Form 144 filings capture declared intent to sell restricted or control securities before the sale executes. This forward-looking quality makes the Form 144 Files Dataset valuable to teams that track insider disposition behavior, enforce Rule 144 compliance, or build quantitative signals from selling patterns.

Quantitative researchers

Quant teams use Form 144 as an early selling-pressure indicator, often surfacing disposition intent before the corresponding Form 4 appears. Key fields: proposed share count, order-placement date, securities class, and aggregate prior-three-month sales. These feed signals that measure abnormal insider disposition volume and test whether filing clusters predict short-term price moves. Coverage back to 1996 supports long-horizon backtesting.

Equity research analysts

Fundamental analysts flag filings where officers or directors signal intent to liquidate meaningful positions, using the reporting person's identity, share count, and manner of sale to distinguish routine diversification from potentially informative selling. Event-driven analysts layer Form 144 data against lockup expirations, earnings dates, and corporate actions to detect unusual insider selling around material events.

Securities lawyers and disclosure counsel

Attorneys advising insiders on Rule 144 compliance review the dataset to benchmark filing practices, confirm timing and threshold obligations, and examine how peer filers structure notices. They focus on manner-of-sale descriptions, volume and holding-period details, and amendments (Form 144/A). Disclosure counsel at issuers reference peer filings when preparing proxy statements or responding to SEC comment letters on insider selling.

Broker-dealer and issuer compliance officers

Compliance teams at broker-dealers cross-reference Form 144 notices against their own order records to verify that required filings were made before or concurrent with order placement. At issuers, compliance officers monitor filings by their affiliates to enforce trading policies, pre-clearance rules, and Rule 144 volume limits. The aggregate prior-three-month sales field is critical for confirming volume caps.

Corporate governance and activist-monitoring teams

Governance analysts at institutional asset managers track persistent or large-scale insider selling that may warrant board engagement or influence say-on-pay and director-election votes. Activist-monitoring teams at corporate advisory firms watch filings by holders of control securities for signals of ownership shifts or pending block trades. Key fields: reporting person identity, securities class, and proposed sale size.

Financial data engineers

Data engineering teams at financial data vendors, investment firms, and research platforms ingest the full dataset to build normalized insider-activity tables. They parse JSON metadata alongside TXT, HTML, and XML documents, extracting person identifiers, issuer CIKs, share counts, and sale dates. Engineers reconcile Form 144 records with Form 3, 4, and 5 filings to construct unified insider-activity views and flag discrepancies such as notices without a subsequent transaction report.

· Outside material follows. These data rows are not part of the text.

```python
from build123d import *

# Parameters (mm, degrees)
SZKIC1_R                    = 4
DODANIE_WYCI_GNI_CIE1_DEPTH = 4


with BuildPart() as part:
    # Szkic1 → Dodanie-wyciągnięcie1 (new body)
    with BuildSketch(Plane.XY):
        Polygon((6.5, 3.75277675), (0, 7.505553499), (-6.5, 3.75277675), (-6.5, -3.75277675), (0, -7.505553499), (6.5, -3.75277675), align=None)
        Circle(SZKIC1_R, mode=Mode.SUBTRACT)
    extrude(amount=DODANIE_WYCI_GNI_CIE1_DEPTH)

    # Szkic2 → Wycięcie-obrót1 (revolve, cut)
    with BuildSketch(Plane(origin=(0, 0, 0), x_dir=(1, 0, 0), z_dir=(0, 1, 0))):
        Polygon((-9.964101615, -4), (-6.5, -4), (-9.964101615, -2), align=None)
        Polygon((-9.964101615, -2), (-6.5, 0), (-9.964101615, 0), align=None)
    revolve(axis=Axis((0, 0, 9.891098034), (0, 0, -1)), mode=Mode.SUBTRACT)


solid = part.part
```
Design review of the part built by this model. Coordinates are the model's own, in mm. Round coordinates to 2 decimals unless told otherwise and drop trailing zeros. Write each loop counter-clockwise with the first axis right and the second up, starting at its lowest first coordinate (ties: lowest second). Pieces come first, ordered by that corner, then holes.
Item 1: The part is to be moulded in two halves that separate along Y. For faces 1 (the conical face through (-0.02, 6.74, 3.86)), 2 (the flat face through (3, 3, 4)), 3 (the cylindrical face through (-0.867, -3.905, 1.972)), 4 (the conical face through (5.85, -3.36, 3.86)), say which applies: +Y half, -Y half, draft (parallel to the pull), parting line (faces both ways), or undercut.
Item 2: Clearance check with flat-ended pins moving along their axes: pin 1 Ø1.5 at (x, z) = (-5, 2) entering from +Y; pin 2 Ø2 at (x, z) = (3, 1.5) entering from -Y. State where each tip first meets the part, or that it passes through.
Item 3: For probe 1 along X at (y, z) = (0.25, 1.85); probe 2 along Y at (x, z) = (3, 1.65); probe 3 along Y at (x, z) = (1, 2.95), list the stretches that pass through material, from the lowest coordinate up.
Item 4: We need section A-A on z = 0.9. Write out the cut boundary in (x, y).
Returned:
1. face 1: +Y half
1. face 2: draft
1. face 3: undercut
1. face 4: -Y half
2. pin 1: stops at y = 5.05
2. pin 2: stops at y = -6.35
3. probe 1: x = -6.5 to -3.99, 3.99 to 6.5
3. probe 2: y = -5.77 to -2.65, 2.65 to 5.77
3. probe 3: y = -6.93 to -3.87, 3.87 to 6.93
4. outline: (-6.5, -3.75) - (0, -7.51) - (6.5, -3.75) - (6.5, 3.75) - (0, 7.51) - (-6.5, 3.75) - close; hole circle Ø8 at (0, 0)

Forensic accountants and litigation-support analysts

Forensic teams reconstructing insider-selling timelines around alleged fraud or trading violations rely on the order-placement date, proposed volume, and aggregate prior sales to distinguish routine from anomalous selling. Amendments receive particular scrutiny for changes to quantity or timing that may suggest awareness of forthcoming disclosures. Historical filings establish behavioral baselines for comparison against contested periods.

M&A due diligence teams

Due diligence analysts review Form 144 filings by a target's insiders in the period before a transaction announcement. Unusual pre-deal selling by officers or directors can raise regulatory or reputational flags. Buy-side acquirers also check whether target insiders have been systematically reducing stakes, which may inform valuation or retention negotiations.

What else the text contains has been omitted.